Figure 5. Dox-induced mitochondrial ROS stabilizes HIF1A through the downregulation of PHD and promotes IGFBP3-induced cardiac apoptosis. (A) H9c2 cells and tissues from rats administered with indicated concentrations of Dox were subjected to western blotting. (B, C) Dox-exposed cells were treated with the ROS scavenger NAC (B), mitochondria complex I inhibitor rotenone (Rot) or the NADPH oxidase inhibitor Apo (C). The harvested cellular extract was analyzed using western blotting. (D) Cells were transfected with a PHD overexpression plasmid of the indicated amount and levels of HIF1α, IGFBP3, pro-survival, and pro-apoptotic proteins in cells and cell culture medium (for secreted IGFBP3) were measured by western blot analysis. Data represents as the mean ± standard deviation of the mean (n = 3). Statistical significance is represented as follows: *P < 0.05, **P < 0.01.

Altogether, the current study suggests that Dox-induced ROS generation inhibits PHD expression, leading to translocation of HIF1A to the nucleus and enhancing the expression as well as secretion of IGFBP3 and thereby blocks IGF1 pro-survival signaling, resulting in increased cardiac cell apoptosis (Figure 6).

Graphical representation illustrating the mechanism underlying Dox-induced cell apoptosis. Dox induced ROS generation, which suppressed PHD. This stabilized nuclear HIF1A, promoted IGFBP3, and enhanced its extracellular association with IGF1. This interaction blocked survival signaling and resulted in cell apoptosis.

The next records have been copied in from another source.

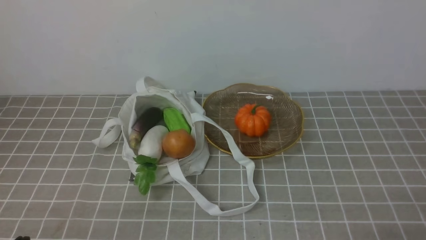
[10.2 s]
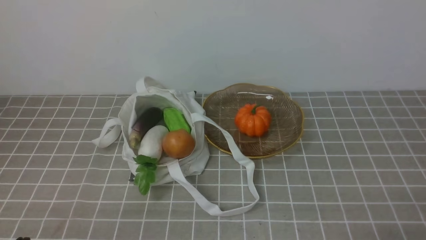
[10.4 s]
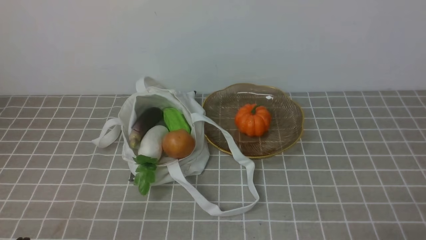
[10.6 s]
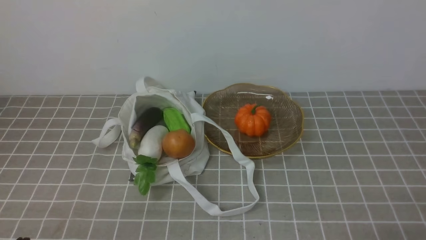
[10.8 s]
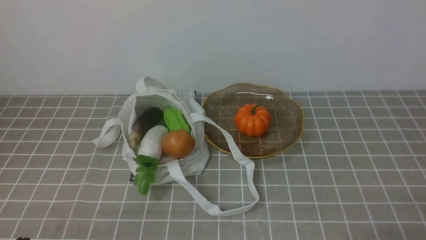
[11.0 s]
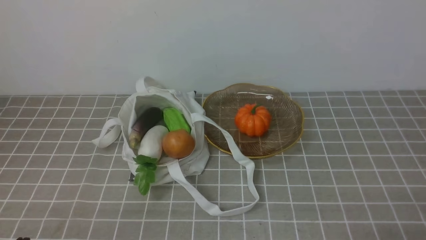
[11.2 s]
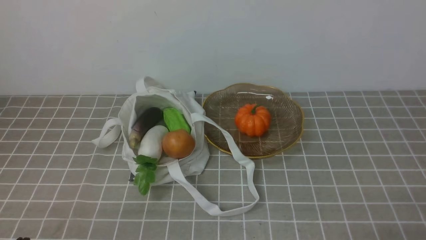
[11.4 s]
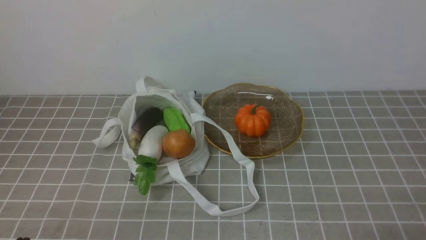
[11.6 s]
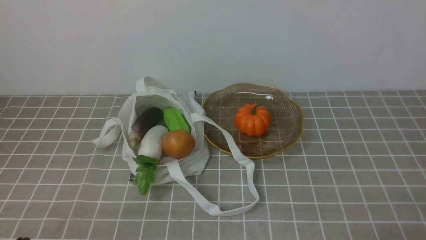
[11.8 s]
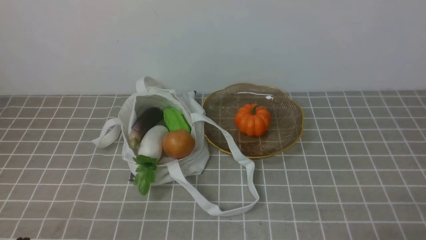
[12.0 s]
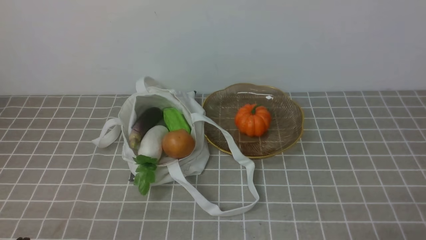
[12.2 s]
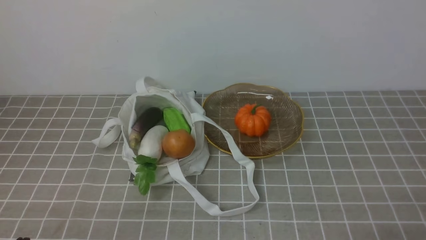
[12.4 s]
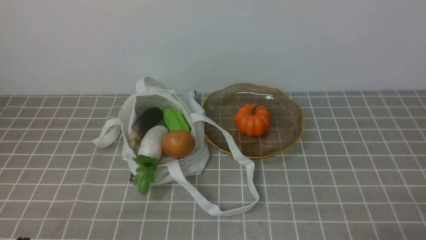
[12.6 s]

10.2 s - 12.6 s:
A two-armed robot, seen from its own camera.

Figure 6. Graphical representation illustrating the mechanism underlying Dox-induced cell apoptosis. Dox induced ROS generation, which suppressed PHD. This stabilized nuclear HIF1A, promoted IGFBP3, and enhanced its extracellular association with IGF1. This interaction blocked survival signaling and resulted in cell apoptosis.

Discussion

Numerous studies report that increased oxidative stress contributes to the Dox-induced cardiomyocyte apoptosis, which results in Dox-associated cardiomyopathy. Mitochondria represent the major documented source of ROS [24]. Dox induces mitochondrial ROS generation [25]. Additionally, mRNA and protein levels of IGFBP3 were upregulated by ROS production following Dox treatment. These findings indicate that ROS generation by Dox may stimulate IGFBP3 expression, resulting in cell apoptosis.

HIFs have been classified into three different categories: HIF1, HIF2, and HIF3. Among them, HIF1 is the primary oxygen-sensitive transcriptional activator [26]. The activity and stability of the HIF1A subunit are regulated by its post-translational modifications, such as ubiquitination, hydroxylation, acetylation, and phosphorylation. Free radicals, ROS, and/or reactive nitrogen species may upregulate HIF1A in tumors [27]. Under normoxic conditions, hydroxylation of two proline residues and acetylation of a lysine residue in the oxygen-dependent degradation domain of HIF1A trigger the association of HIF1A with pVHL E3 ligase complex, leading to HIF1A degradation via the ubiquitin- proteasome pathway [22]. Exposure to Dox stabilizes HIF1A and potentiates its interactions with co-activators, such as the cAMP response element-binding protein p300, affecting the expression of HIF1A target genes [2832]. This interaction potentially explains why the expression levels of HIF1A and its target gene, IGFBP3, gradually increased following the exposure to Dox for 24 h in this study. Additionally, previous studies have suggested that other important mechanisms may also contribute to Dox-induced HIF1A accumulation in the normoxic conditions. The degradation of HIF1A depends on HIF-PH, which requires both Fe2+ and molecular oxygen [33, 34]. When Fe2+ is removed by chelating agents such as desferrioxamine or substituted with Co2+ or Ni2+, HIF1A degradation is inhibited. Therefore, desferrioxamine and CoCl2 mimic hypoxia effects. Dox is a strong iron chelator, therefore, the iron deficiency caused by is deficiency inhibits HIF-PH activity, causing normoxic HIF1A accumulation [35].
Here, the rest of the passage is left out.